**Given information**

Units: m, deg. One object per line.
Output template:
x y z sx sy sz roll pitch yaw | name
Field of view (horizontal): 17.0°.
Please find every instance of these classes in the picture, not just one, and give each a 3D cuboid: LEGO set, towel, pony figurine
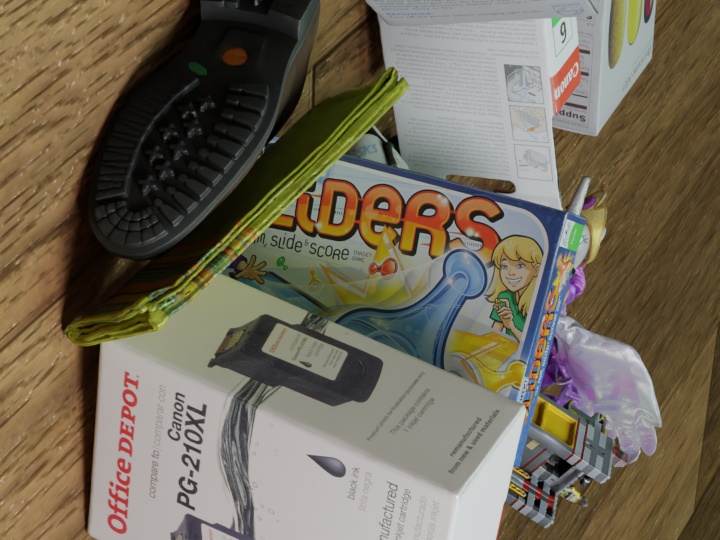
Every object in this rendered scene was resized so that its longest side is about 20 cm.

**What you are asked to do**
Transcribe exactly, and only, the lines from the one containing "x y z sx sy sz roll pitch yaw | name" through the last line of the records above, both included; leave out the pictures.

**Reply to the exercise**
x y z sx sy sz roll pitch yaw | name
Field of view (horizontal): 17.0°.
Please find every instance of these classes in the picture, not just one, and give each a 3D cuboid: LEGO set, towel, pony figurine
Every object in this rendered scene was resized so that its longest side is about 20 cm.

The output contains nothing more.